• **Data provided**:
[Start of Attachment]

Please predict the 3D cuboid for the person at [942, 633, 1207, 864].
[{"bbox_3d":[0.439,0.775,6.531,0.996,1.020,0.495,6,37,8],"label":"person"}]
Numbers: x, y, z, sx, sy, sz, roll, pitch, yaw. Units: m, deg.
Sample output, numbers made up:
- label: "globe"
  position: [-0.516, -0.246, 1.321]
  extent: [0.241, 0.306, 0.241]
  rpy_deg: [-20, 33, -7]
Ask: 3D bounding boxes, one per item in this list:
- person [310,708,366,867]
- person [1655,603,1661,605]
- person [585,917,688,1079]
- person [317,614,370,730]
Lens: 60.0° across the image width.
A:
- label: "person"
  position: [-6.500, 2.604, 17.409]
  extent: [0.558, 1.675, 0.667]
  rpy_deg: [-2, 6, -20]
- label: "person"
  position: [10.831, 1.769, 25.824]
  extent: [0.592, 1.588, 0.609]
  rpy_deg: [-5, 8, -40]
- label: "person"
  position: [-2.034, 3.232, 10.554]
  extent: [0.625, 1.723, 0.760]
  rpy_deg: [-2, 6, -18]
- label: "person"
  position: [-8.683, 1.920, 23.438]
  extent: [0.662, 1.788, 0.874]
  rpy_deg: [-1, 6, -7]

[End of Attachment]
[Start of Attachment]

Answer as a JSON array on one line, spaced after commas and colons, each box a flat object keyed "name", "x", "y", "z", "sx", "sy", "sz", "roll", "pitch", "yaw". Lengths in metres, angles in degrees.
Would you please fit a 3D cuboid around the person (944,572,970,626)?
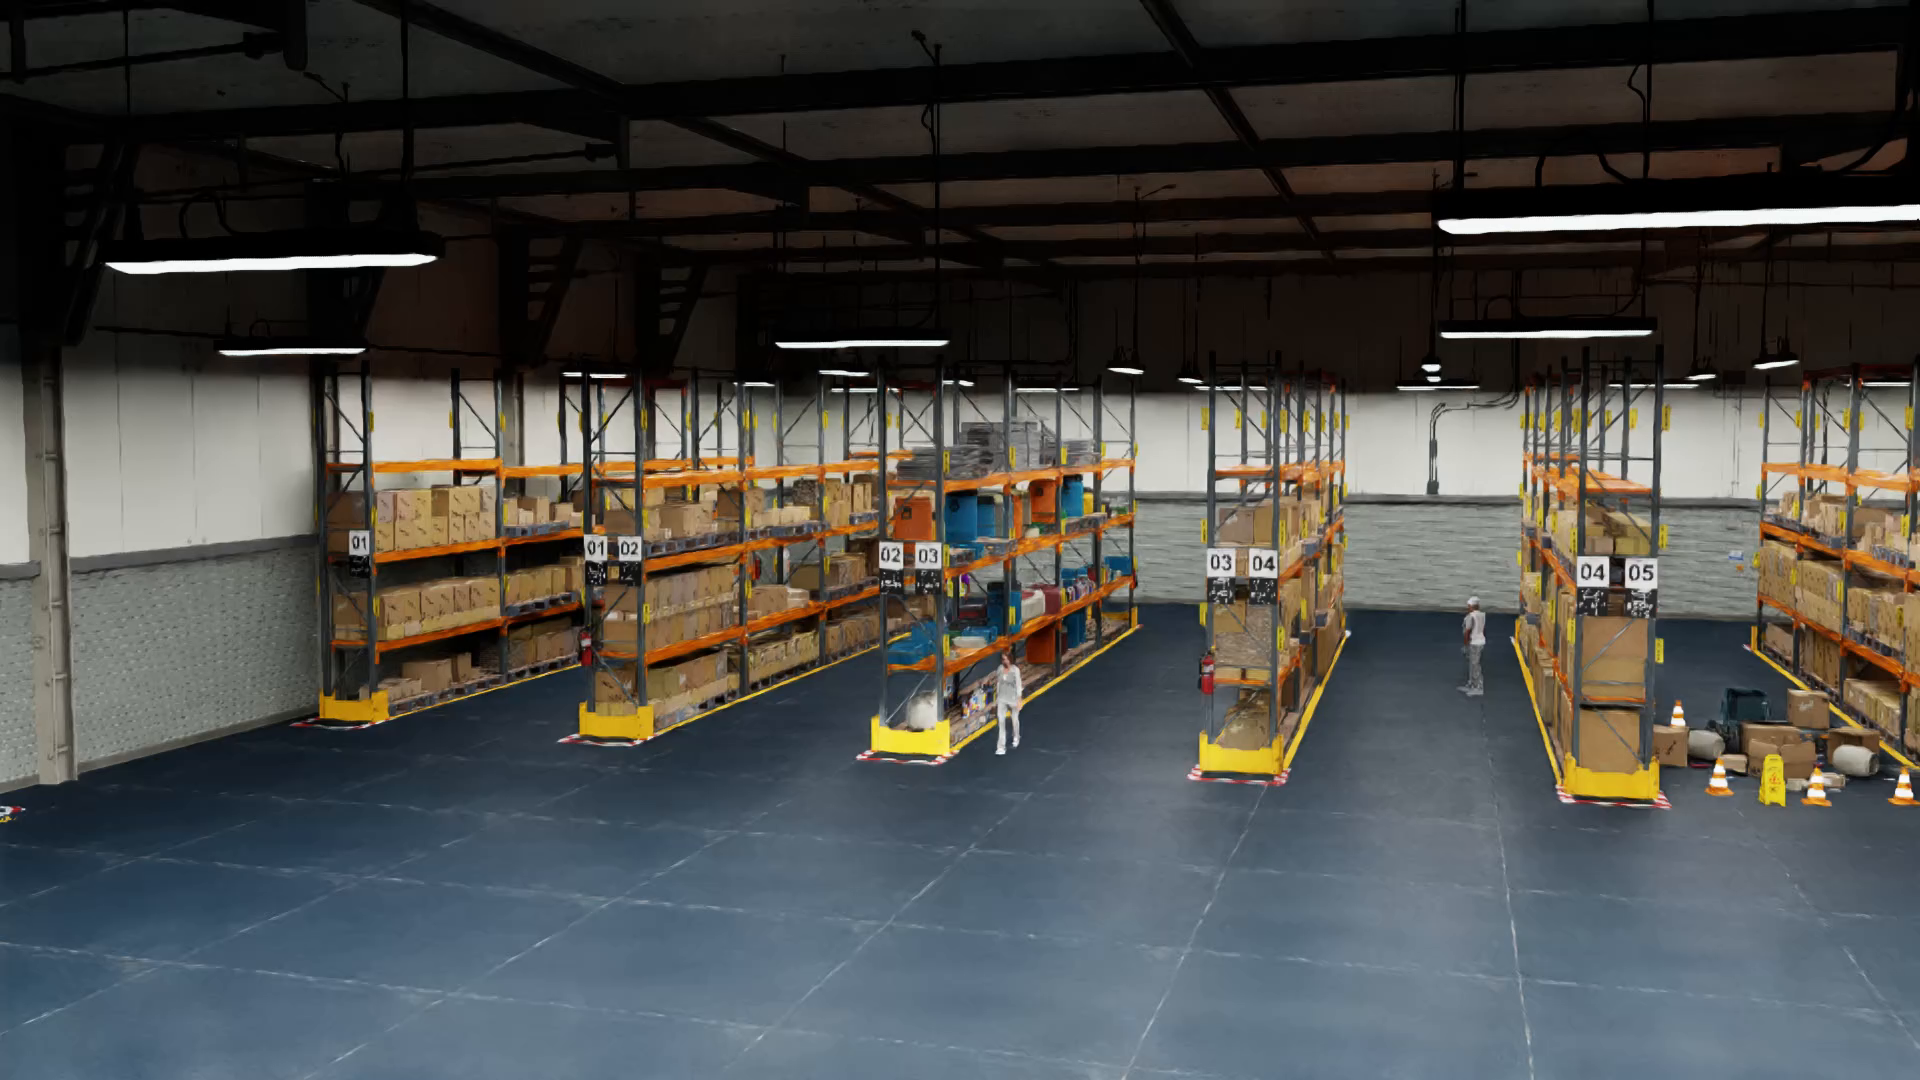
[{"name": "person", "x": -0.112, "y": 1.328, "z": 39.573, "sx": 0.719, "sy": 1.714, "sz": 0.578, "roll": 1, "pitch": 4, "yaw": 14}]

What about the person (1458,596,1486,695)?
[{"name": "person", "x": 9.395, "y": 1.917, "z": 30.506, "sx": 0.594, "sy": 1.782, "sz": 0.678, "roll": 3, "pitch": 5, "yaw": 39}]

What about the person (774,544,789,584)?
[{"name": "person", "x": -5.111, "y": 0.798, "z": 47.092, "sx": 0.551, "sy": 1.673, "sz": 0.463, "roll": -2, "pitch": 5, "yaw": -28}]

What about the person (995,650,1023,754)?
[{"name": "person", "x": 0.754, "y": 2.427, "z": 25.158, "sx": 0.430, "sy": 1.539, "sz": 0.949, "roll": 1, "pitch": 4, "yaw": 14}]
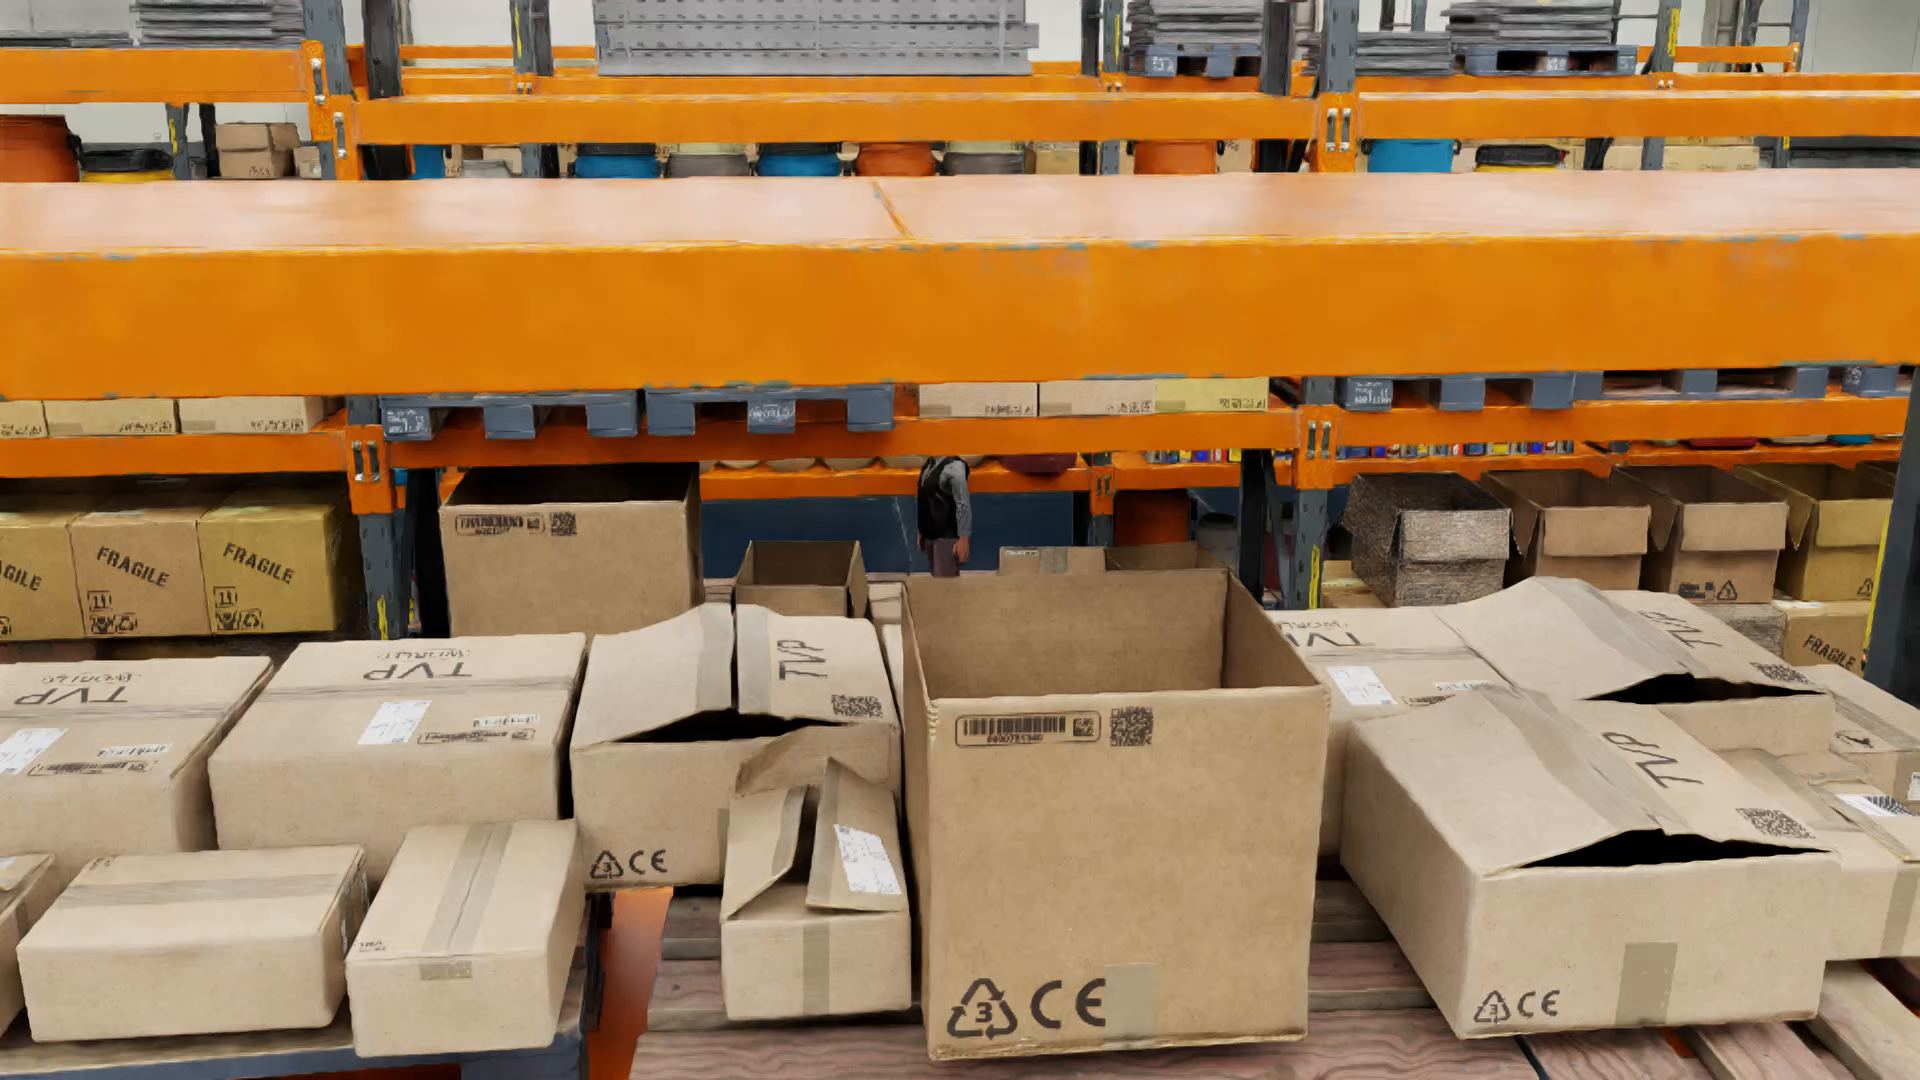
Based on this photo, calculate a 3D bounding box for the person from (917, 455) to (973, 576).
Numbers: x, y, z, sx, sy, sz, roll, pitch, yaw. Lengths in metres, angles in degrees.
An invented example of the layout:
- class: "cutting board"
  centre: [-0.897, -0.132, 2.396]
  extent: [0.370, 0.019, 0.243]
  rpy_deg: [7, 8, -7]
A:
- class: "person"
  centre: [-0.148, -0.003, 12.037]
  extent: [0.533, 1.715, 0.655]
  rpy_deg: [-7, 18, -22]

[End of Attachment]
[Start of Attachment]

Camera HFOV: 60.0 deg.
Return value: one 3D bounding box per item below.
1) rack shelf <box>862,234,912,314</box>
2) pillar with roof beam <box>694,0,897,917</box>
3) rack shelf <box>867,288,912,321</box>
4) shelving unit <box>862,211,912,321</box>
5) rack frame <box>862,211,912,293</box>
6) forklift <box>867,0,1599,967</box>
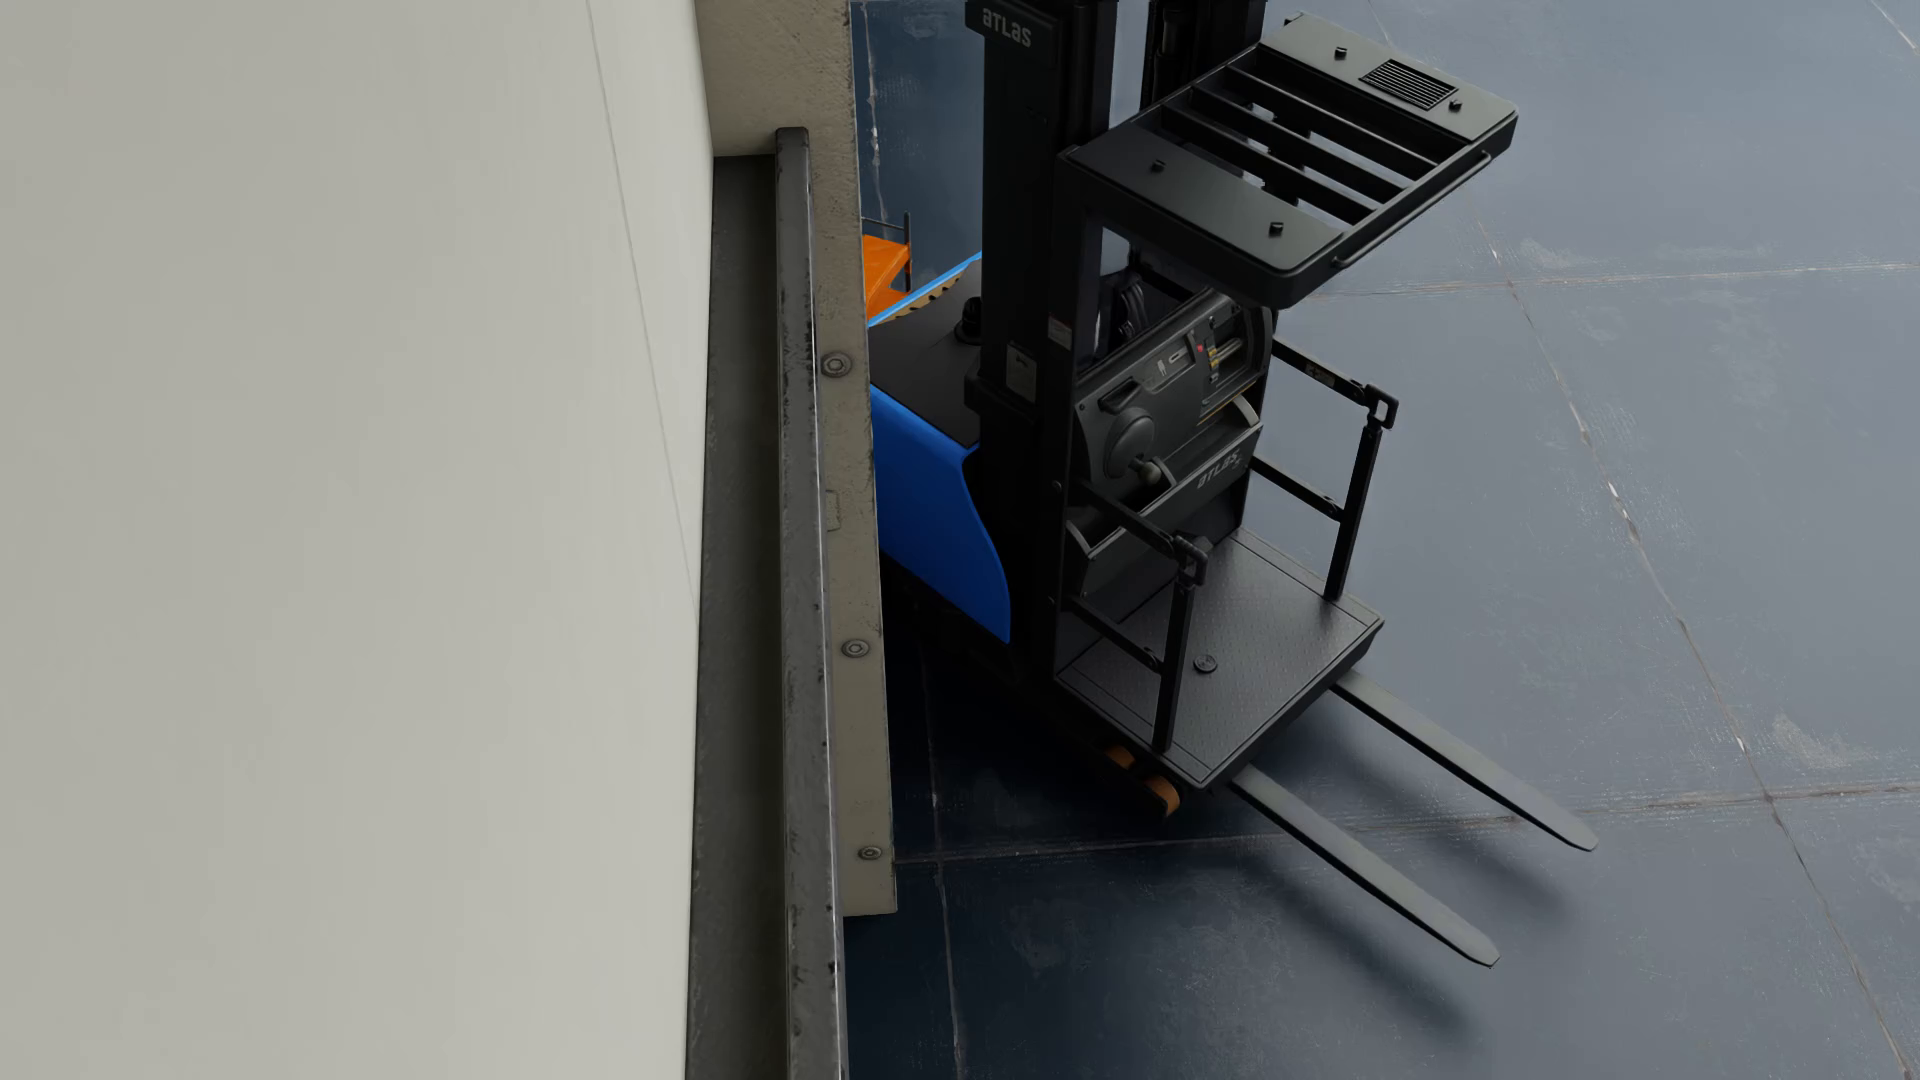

[End of Attachment]

• **Your goal**: The response must hold only the lines above from the line with "5) rack frame <box>862,211,912,293</box>" through the line with "6) forklift <box>867,0,1599,967</box>", each copied exactly, both ends kept.

• **Answer for this exercise**:
5) rack frame <box>862,211,912,293</box>
6) forklift <box>867,0,1599,967</box>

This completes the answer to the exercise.